El desengaño amoroso de los glaciares andinos.

A Nicole,                                 
Prueba de que el futuro está aquí.



De niño, urbano como fui, me parecía muy especial el que un país, el mío, sin tener muy claro lo que eso significara, tuviera todo lo que uno veía en la tele, esa novedad que nos traía toda la monocromía del mundo al hogar. infinitos que se movían entre Macuto y Los Caracas allende Naiguatá.

Películas de selvas   -así es Guayana-  decían en casa, de desiertos   -Mira, como los Médanos de Coro- escuchaba, o aquellos documentales de alpinistas, (como le decíamos hasta hace muy poco  a todo el que escalaba montañas) acotados por un “Nevados como en Mérida”. Pensaba que lo teníamos todo aquí adentro. Yo aún no lo había visto pero me bastaba con los testimonios de quienes me rodeaban. Sólo para las historias de piratas tenía una referencia tangible: mis inmensos mares

Poco a poco fui conociendo esas humedades, calores y fríos de los climas que nos guardaban los paisajes nuestros. Conocí los calores desérticos y las arenas de Falcón y así, los Médanos de Coro. Recuerdo una conversación con una señora ya de edad avanzada que nos hablaba de los médanos, en el zaguán de su casa, típica colonial del sitio, en términos humanizados.
-Hoy amanecieron alborotados – decía la señora refiriéndose a las arenas.
- Se comieron la vía y están ahí echa'os. -Y concluía- Ahora habrá  que llevar la máquina a que los empujen.
Los trataba como si fueran gente, como muchachos traviesos que así como cortaban la carretera podían mover o desaparecer un montículo, que si servía de referencia orientadora a los nuevos visitantes, lo efímero provocaba que se extraviaran. Así se llevaban ese recuerdo a manera de souvenir de la travesura de “los muchachos”.

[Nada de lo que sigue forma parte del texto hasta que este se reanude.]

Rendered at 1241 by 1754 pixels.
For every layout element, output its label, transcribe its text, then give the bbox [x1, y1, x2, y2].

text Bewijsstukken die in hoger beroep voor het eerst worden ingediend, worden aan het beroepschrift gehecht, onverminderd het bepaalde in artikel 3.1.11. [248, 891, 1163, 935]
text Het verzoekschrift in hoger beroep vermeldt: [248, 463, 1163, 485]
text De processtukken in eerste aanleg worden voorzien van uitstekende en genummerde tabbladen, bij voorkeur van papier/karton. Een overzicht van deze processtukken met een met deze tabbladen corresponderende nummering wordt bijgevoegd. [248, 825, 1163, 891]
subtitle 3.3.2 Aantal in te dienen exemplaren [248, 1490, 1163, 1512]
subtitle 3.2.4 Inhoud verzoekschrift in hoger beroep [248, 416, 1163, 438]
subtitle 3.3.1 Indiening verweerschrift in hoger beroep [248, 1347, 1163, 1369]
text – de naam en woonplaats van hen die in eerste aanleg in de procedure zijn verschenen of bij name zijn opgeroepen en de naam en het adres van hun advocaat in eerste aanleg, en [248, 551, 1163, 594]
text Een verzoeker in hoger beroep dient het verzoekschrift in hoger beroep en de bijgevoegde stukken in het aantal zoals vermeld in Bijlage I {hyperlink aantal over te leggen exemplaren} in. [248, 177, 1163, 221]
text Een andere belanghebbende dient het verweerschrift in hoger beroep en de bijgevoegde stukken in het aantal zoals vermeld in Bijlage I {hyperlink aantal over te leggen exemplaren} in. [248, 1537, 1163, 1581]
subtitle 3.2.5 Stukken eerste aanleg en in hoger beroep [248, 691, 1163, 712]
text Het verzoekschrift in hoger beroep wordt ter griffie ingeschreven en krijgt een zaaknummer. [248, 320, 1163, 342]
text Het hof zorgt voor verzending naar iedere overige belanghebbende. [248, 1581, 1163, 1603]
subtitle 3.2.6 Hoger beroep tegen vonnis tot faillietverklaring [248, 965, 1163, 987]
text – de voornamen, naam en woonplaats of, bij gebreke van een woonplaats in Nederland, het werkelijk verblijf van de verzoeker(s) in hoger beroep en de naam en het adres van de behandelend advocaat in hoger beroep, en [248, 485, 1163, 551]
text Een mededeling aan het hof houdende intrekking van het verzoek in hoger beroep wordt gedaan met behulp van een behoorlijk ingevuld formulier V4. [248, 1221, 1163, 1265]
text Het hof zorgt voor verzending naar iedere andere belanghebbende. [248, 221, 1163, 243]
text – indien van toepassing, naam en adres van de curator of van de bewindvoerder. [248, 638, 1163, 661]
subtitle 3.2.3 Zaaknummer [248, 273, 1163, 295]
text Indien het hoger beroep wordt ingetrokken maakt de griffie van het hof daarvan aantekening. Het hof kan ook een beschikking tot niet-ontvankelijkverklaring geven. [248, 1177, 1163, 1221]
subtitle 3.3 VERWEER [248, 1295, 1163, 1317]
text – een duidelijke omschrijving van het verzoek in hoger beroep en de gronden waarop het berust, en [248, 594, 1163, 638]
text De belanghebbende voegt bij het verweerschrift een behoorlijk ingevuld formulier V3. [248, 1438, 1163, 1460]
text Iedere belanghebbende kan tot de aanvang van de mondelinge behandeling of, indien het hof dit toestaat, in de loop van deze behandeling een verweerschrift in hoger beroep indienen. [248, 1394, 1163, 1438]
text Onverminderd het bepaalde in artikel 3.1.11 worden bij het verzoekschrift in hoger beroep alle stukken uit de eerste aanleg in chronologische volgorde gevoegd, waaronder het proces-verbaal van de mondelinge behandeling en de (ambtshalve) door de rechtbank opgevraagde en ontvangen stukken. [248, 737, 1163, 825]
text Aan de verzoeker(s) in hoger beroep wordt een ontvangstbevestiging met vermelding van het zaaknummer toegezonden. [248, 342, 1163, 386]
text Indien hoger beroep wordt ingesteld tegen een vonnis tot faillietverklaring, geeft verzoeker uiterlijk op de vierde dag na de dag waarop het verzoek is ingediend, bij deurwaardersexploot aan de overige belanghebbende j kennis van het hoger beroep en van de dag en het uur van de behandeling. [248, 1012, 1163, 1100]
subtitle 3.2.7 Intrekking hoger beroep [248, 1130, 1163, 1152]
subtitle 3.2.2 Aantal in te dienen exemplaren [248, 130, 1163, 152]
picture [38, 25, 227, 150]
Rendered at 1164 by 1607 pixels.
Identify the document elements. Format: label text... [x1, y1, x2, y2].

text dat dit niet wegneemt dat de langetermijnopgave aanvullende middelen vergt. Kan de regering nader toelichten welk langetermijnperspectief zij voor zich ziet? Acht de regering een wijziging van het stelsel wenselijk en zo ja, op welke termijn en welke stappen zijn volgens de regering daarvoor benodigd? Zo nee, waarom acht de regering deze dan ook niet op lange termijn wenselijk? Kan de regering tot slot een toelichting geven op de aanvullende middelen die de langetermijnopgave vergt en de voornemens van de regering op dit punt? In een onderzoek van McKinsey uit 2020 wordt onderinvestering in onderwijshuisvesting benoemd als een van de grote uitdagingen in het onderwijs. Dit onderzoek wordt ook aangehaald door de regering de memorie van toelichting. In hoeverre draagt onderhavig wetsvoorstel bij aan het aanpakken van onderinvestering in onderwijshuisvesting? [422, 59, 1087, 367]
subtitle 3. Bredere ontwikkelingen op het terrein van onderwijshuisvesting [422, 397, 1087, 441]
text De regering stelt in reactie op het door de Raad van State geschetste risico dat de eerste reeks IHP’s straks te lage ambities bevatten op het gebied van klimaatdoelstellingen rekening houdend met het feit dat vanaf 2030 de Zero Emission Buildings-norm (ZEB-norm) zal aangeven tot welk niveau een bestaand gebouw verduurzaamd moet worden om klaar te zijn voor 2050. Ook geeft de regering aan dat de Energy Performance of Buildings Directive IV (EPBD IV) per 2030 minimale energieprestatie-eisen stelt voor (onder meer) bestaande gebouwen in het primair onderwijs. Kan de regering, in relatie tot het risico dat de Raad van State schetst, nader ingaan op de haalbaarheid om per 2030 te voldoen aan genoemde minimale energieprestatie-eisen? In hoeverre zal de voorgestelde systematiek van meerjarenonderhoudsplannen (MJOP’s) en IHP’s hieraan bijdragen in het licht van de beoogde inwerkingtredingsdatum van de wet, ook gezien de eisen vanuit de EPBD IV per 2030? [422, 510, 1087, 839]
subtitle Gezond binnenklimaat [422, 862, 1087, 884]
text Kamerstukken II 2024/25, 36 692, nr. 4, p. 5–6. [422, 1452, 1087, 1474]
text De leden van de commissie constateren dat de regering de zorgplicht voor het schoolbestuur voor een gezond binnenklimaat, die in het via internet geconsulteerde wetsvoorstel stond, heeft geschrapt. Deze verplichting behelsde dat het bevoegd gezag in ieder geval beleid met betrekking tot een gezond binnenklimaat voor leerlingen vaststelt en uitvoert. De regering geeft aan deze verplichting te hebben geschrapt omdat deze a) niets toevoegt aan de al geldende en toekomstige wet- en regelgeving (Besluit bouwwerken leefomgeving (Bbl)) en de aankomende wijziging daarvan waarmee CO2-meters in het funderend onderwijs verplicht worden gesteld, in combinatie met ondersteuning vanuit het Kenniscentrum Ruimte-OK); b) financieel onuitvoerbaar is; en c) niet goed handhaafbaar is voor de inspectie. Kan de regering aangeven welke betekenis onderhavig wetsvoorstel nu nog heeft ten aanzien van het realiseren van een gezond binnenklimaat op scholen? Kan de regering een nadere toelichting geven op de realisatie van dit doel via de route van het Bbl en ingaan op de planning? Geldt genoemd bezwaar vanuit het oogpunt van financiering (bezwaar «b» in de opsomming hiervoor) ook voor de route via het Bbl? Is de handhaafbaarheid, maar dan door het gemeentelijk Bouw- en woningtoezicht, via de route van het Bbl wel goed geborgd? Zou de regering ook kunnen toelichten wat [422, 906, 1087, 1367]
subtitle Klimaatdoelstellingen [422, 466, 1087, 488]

De todos esos climas y sus naturalezas era, para mí, la nieve y el frío lo menos natural y por ello insólito. Que el agua de mares y ríos se moviera y se regara, al final era agua, era obvio. El calor de desierto bajo el sol era obra lógica de ese sol. Pero las cumbres nevadas donde el agua ya no era líquida sino que se hacía sólida. Donde a pleno sol las temperaturas dejaban los ceros altos, era demasiada magia absurda.

En la escuela me explicaron las imágenes de la tele con una leyenda que confirmaba mi sospecha: ese  frío era un sortilegio. Escuché allí, por primera vez, la leyenda de Las Cinco Águilas Blancas, recopilada de la tradición oral de los Mirripuyes y que hablaba específicamente de nuestras cumbres nevadas de Mérida.

La leyenda decía más o menos que Caribay, hija del Sol Zuhe y la Luna Chía, vio volar cinco águilas blancas y quiso adornarse con sus plumas. Las siguió tras el rastro de sus sombras por valles y montañas. Desde esas alturas logró verlas posarse en un risco.
Aprovechó su quietud y fue hacia ellas pero no pudo hacerse de sus deseadas plumas. Las águilas estaban congeladas, eran cinco enormes masas de hielo. Caribay, aterrorizada, huyó. A poco, su madre Chía, se oscureció y las cinco águilas despertaron. Enfurecidas, sacudieron sus alas y la montaña toda se cubrió con el plumaje deseado.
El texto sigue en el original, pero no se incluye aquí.